Flat_Ad_7911 writes:
My husband and I had been married for four years. Our relationship had its ups and downs like any other, but I always believed we had a strong bond and a shared vision for the future. However, a few months ago, my husband brought up the idea of opening our marriage.
He said he loved me deeply but felt we could spice things up by exploring connections with other people. We hadn’t even been together that long for something like that to be necessary. He claimed it wasn’t about lacking anything in our relationship but about growth and exploration. Huh.
I was shocked. I’ve always been monogamous, and we had never discussed anything like this before, even while dating. When we got married, we promised to be committed to each other. This felt like a betrayal of those vows to me.
I told him I wasn’t comfortable with the idea, but he kept bringing it up, insisting it could strengthen our relationship. Eventually, he said he would respect my boundaries but admitted he might end up resenting me later for holding him back.

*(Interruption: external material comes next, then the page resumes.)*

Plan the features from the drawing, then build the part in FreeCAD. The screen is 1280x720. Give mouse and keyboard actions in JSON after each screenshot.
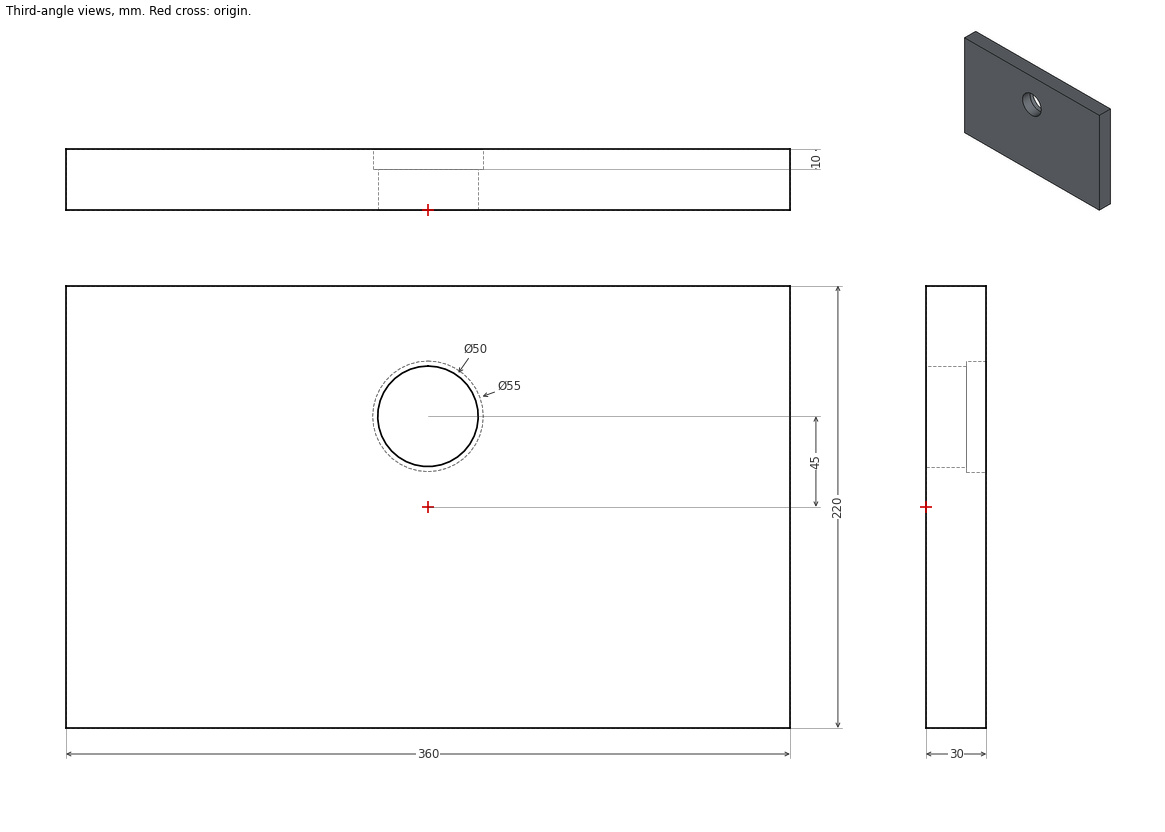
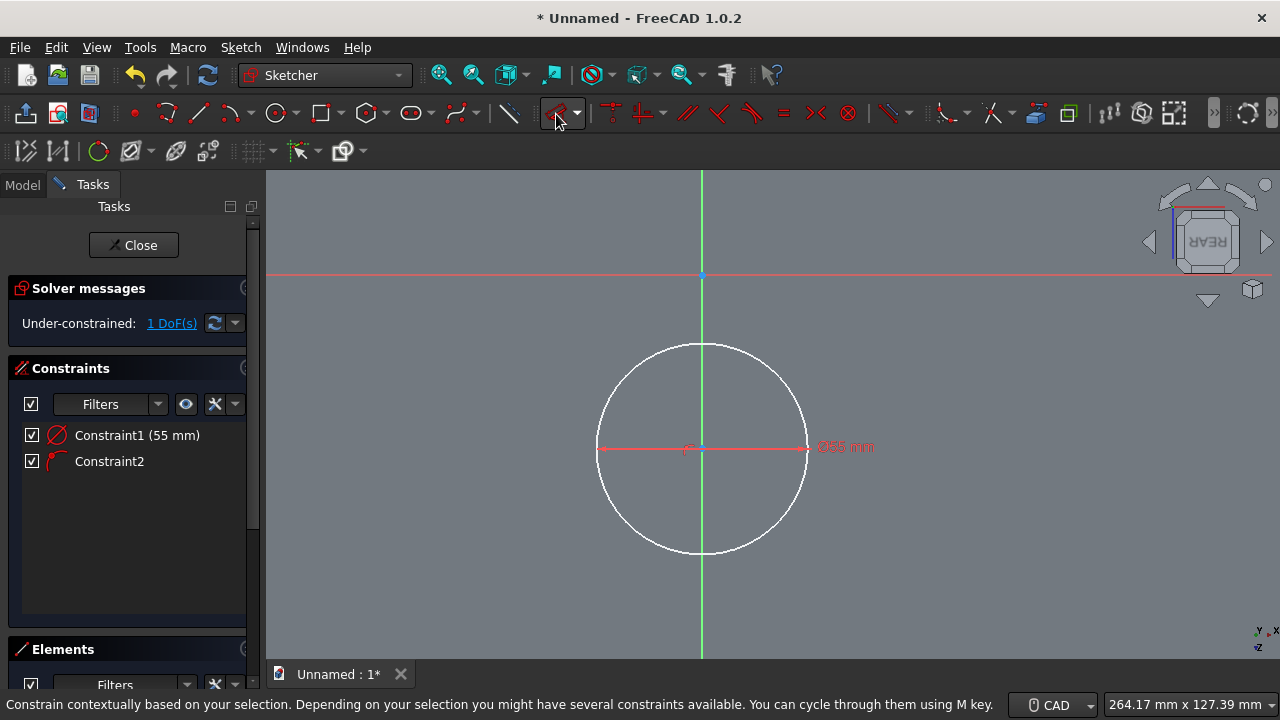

That statement crushed me. It became clear that we were no longer on the same page about something fundamental. I didn’t want to stay in a marriage where I’d always feel like I wasn’t enough or worry about future resentment. So, I decided to end it.
Since then, he’s been telling friends and family that I gave up on us too quickly. Some of our mutual friends think I should have tried harder to compromise or even give the open marriage a shot, while others are supportive of my decision. Now I’m left wondering: AITA for ending my marriage over this?
NefariousnessFresh24 says:
You do realize that to him "open marriage" means he gets to fuck around all he wants, while still having you on the side, but the moment you actually found somebody he'd be all for closing it off again?
And sorry, you are not the one "giving up on the marriage", he is the one who does not take his vows seriously. NTA, and give him the choice: either the two of you go to marriage counseling, or the marriage becomes so open that it is nonexistent.
OP responded:
He refused counselling plus I already ended the marriage.
-KristalG- says:
NTA. Likely he is already cheating or at the very least is in an emotional affair.
OP responded:
Asked him that and he said I'm just speculating and overthinking.